Après la guerre : De la maison au Moulin

Nombre des enfants revenus ce « premier shabbat de la Libération » avaient perdu leur famille. D’autres enfants cachés ailleurs ou revenus des camps avaient aussi besoin d’un havre. Moissac sera le leur. En 45, avec l’aide de la ville, Shatta et Bouli ouvriront ici une autre maison. Le Moulin sera jusqu’en 1953 un lieu de vie, de formation et d’apprentissage pour des centaines d’enfants juifs.

Le Moulin de Moissac sera pour eux celui de la reconstruction.

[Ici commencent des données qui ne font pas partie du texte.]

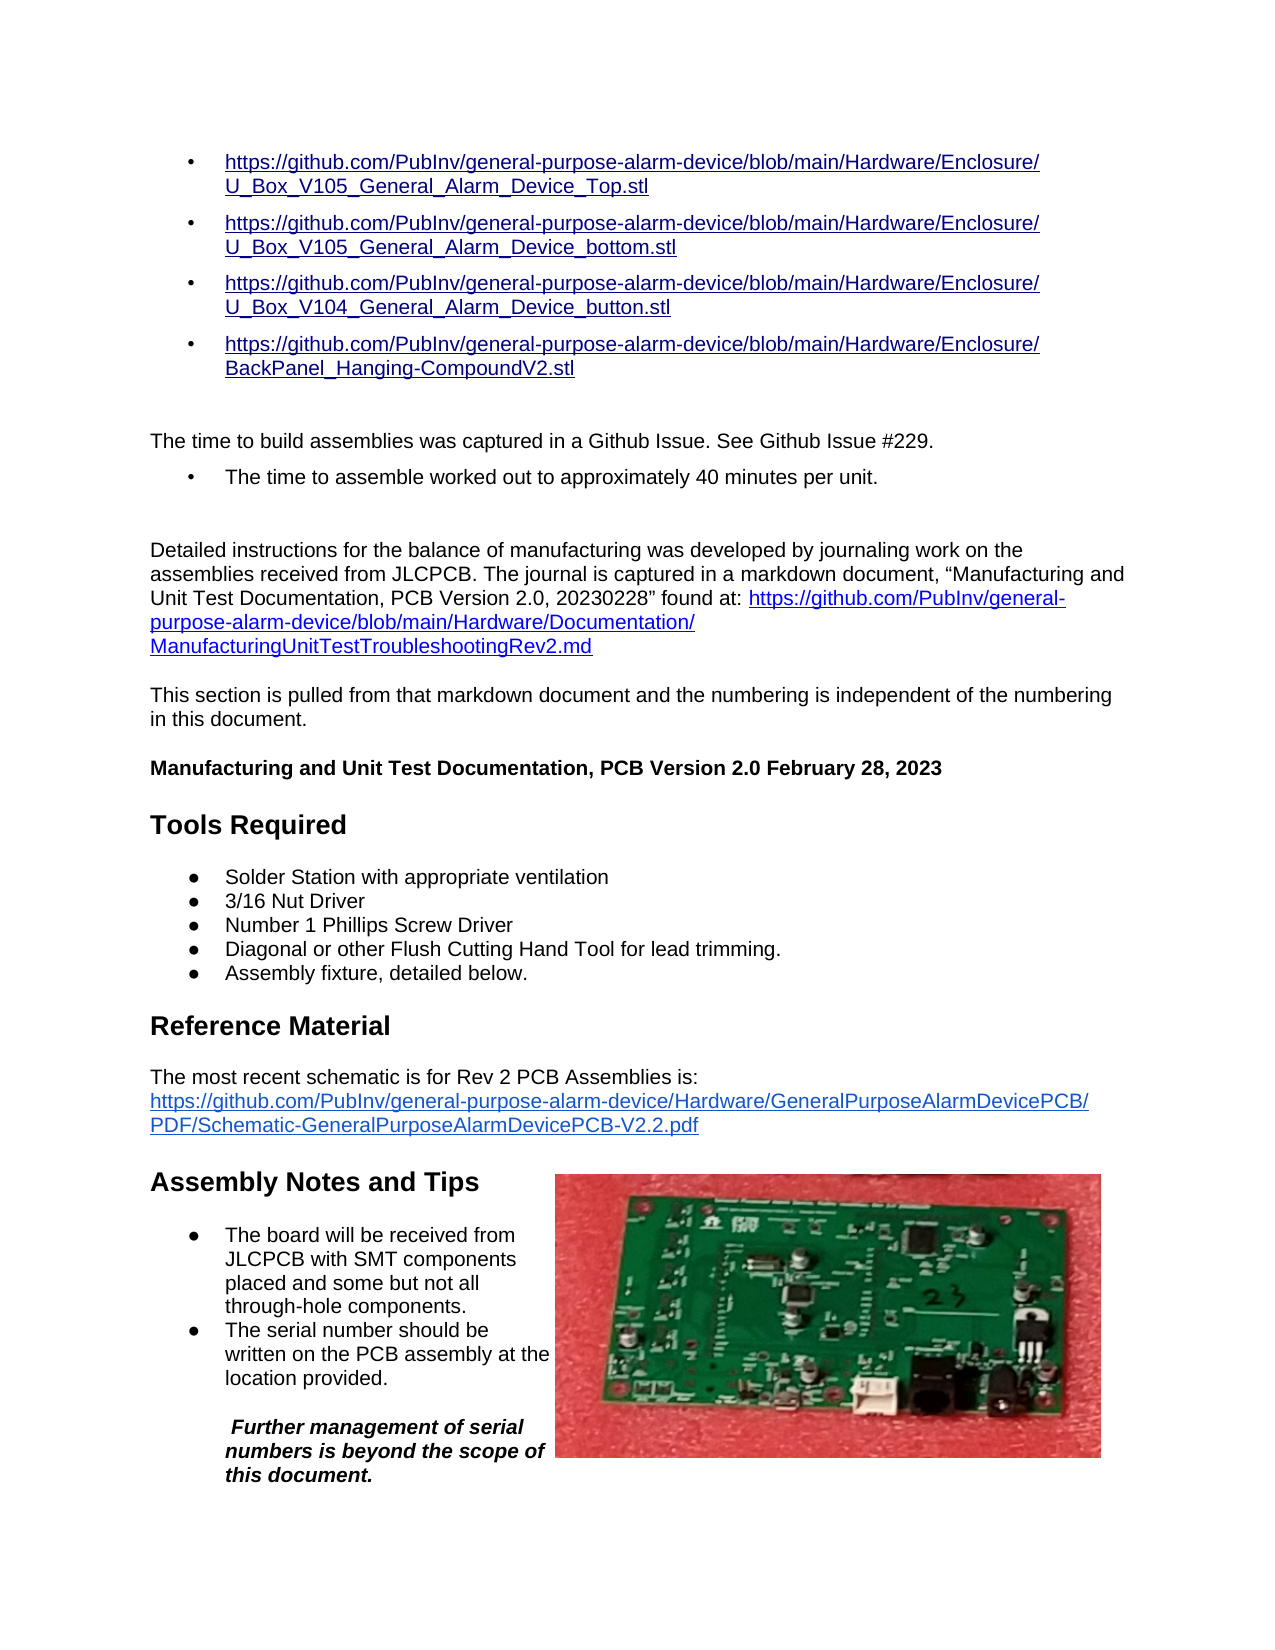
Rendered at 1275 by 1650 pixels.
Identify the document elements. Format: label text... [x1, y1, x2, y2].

list Further management of serial numbers is beyond the scope of this document. [187, 1415, 1125, 1487]
subtitle Tools Required [150, 809, 1125, 840]
list https://github.com/PubInv/general-purpose-alarm-device/blob/main/Hardware/Enclosure/BackPanel_Hanging-CompoundV2.stl [187, 332, 1125, 379]
text The time to build assemblies was captured in a Github Issue. See Github Issue #229. [150, 428, 1125, 452]
list Number 1 Phillips Screw Driver [187, 913, 1125, 937]
list 3/16 Nut Driver [187, 889, 1125, 913]
list The serial number should be written on the PCB assembly at the location provided. [187, 1318, 555, 1390]
subtitle Reference Material [150, 1010, 1125, 1041]
picture [555, 1174, 1102, 1458]
list The board will be received from JLCPCB with SMT components placed and some but not all through-hole components. [187, 1222, 555, 1318]
text Detailed instructions for the balance of manufacturing was developed by journaling work on the assemblies received from JLCPCB. The journal is captured in a markdown document, “Manufacturing and Unit Test Documentation, PCB Version 2.0, 20230228” found at: https://github.com/PubInv/general-purpose-alarm-device/blob/main/Hardware/Documentation/ManufacturingUnitTestTroubleshootingRev2.md [150, 538, 1125, 658]
list Solder Station with appropriate ventilation [187, 865, 1125, 889]
list Diagonal or other Flush Cutting Hand Tool for lead trimming. [187, 937, 1125, 961]
list https://github.com/PubInv/general-purpose-alarm-device/blob/main/Hardware/Enclosure/U_Box_V104_General_Alarm_Device_button.stl [187, 271, 1125, 319]
list [1102, 1318, 1125, 1390]
subtitle Assembly Notes and Tips [150, 1166, 1125, 1197]
text This section is pulled from that markdown document and the numbering is independent of the numbering in this document. [150, 683, 1125, 731]
text https://github.com/PubInv/general-purpose-alarm-device/Hardware/GeneralPurposeAlarmDevicePCB/PDF/Schematic-GeneralPurposeAlarmDevicePCB-V2.2.pdf [150, 1089, 1125, 1137]
text The most recent schematic is for Rev 2 PCB Assemblies is: [150, 1065, 1125, 1089]
list The time to assemble worked out to approximately 40 minutes per unit. [187, 465, 1125, 489]
list https://github.com/PubInv/general-purpose-alarm-device/blob/main/Hardware/Enclosure/U_Box_V105_General_Alarm_Device_bottom.stl [187, 211, 1125, 258]
text Manufacturing and Unit Test Documentation, PCB Version 2.0 February 28, 2023 [150, 756, 1125, 780]
list https://github.com/PubInv/general-purpose-alarm-device/blob/main/Hardware/Enclosure/U_Box_V105_General_Alarm_Device_Top.stl [187, 150, 1125, 198]
list Assembly fixture, detailed below. [187, 961, 1125, 985]
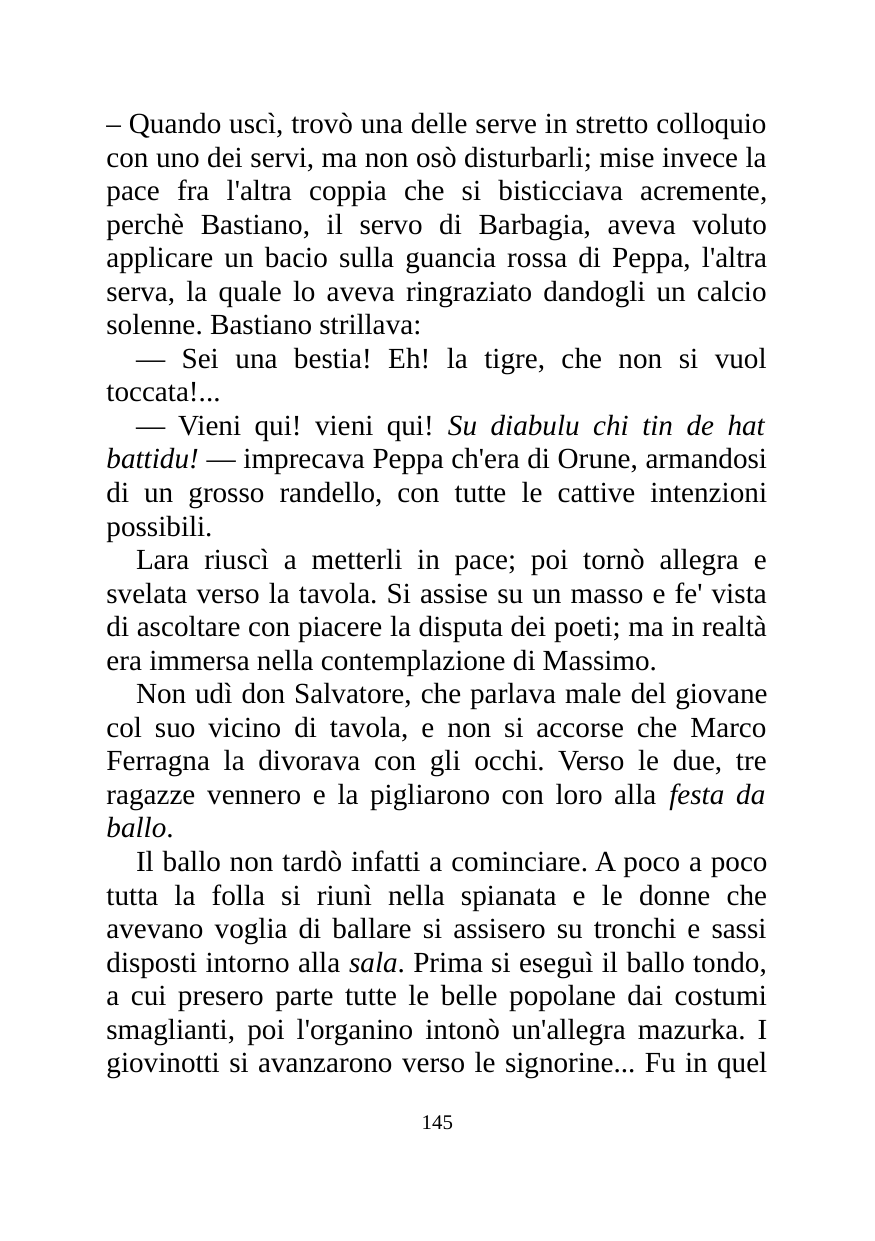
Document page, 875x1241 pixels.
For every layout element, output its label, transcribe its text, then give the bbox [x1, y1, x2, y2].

text — Sei una bestia! Eh! la tigre, che non si vuol toccata!... [106, 341, 768, 408]
text Il ballo non tardò infatti a cominciare. A poco a poco tutta la folla si riunì nella spianata e le donne che avevano voglia di ballare si assisero su tronchi e sassi disposti intorno alla sala. Prima si eseguì il ballo tondo, a cui presero parte tutte le belle popolane dai costumi smaglianti, poi l'organino intonò un'allegra mazurka. I giovinotti si avanzarono verso le signorine... Fu in quel [106, 844, 768, 1079]
text Non udì don Salvatore, che parlava male del giovane col suo vicino di tavola, e non si accorse che Marco Ferragna la divorava con gli occhi. Verso le due, tre ragazze vennero e la pigliarono con loro alla festa da ballo. [106, 676, 768, 844]
text – Quando uscì, trovò una delle serve in stretto colloquio con uno dei servi, ma non osò disturbarli; mise invece la pace fra l'altra coppia che si bisticciava acremente, perchè Bastiano, il servo di Barbagia, aveva voluto applicare un bacio sulla guancia rossa di Peppa, l'altra serva, la quale lo aveva ringraziato dandogli un calcio solenne. Bastiano strillava: [106, 106, 768, 341]
text Lara riuscì a metterli in pace; poi tornò allegra e svelata verso la tavola. Si assise su un masso e fe' vista di ascoltare con piacere la disputa dei poeti; ma in realtà era immersa nella contemplazione di Massimo. [106, 542, 768, 676]
text — Vieni qui! vieni qui! Su diabulu chi tin de hat battidu! — imprecava Peppa ch'era di Orune, armandosi di un grosso randello, con tutte le cattive intenzioni possibili. [106, 408, 768, 542]
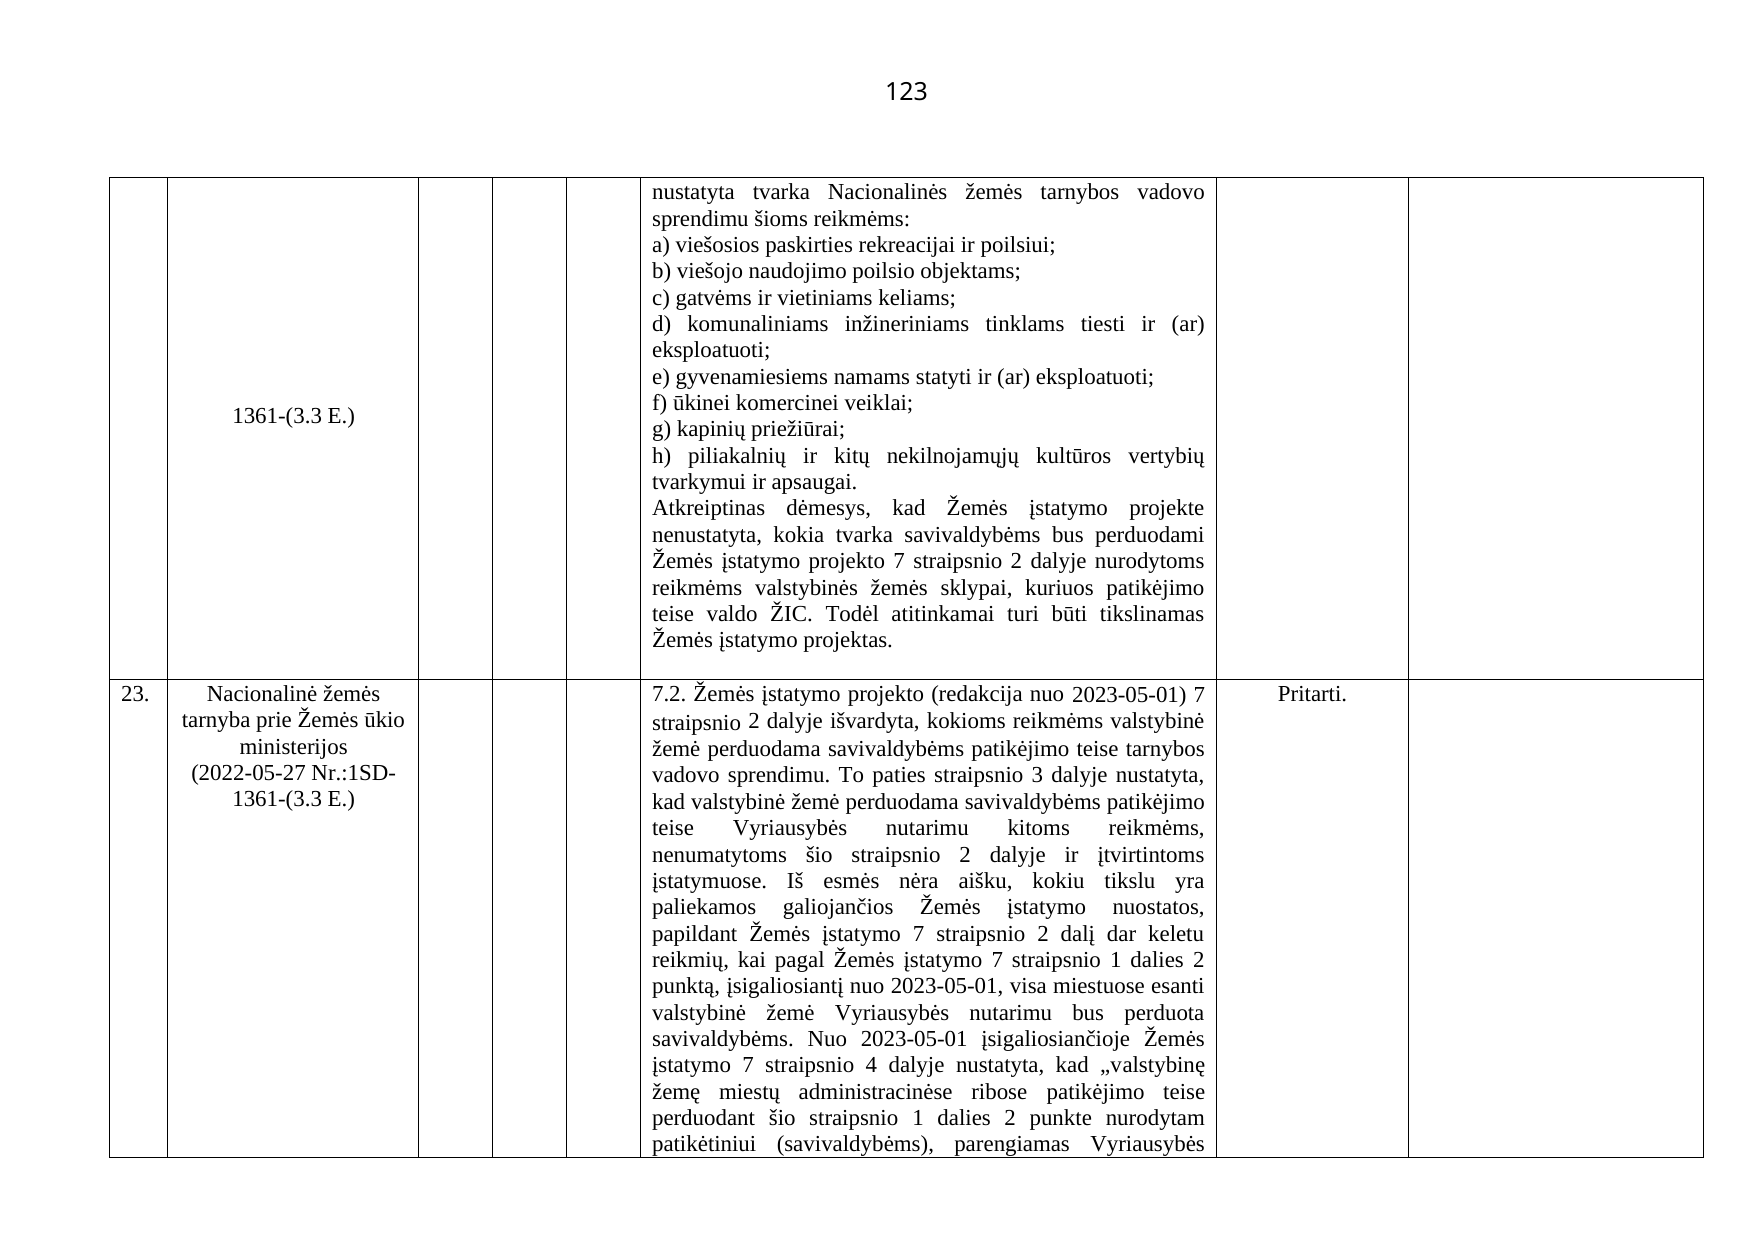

3 réflexions sur “L’Histoire

  1. Le , Alain CHICHEPORTICHE a dit:

    Bonjour
    Ravi et très ému que l’on honore tout un week-end MOISSAC, Shatta et Bouli SIMON.
    Je fus un de leurs élèves dès 1968 et je continue à fréquenter régulièrement Le Château de LAVERSINE, maison d’enfants créée dans la foulée de MOISSAC précisement par Shatta et Bouli et qui fonctionne à ce jour. Vous aurez compris que toute cette histoire extraordinaire me touche encore beaucoup aujourd’hui. Bon colloque à tous.
    Alain CHICHEPORTICHE

  2. Monsieur
    Merci pour votre témoignage et vos encouragements. La première journée fut une réussite exceptionnelle où l’émotion le disputait à l’analyse scientifique.
    Dimanche, avec l’inauguration de l’Esplanade des Justes, sera aussi un grand jour pour Moissac et sa population, on se souviendra de Shatta et Bouli, de tous les enfants juifs sauvés ici et des justes reconnus ou pas qui ont fait montre du meilleur d’eux mêmes

  3. Le , HALIMI André. (Marseille) a dit:

    Que d’emotions en lisant toutes ces infos sur Moissac
    Mes 30 années passées aux EI defilent dans ma tete.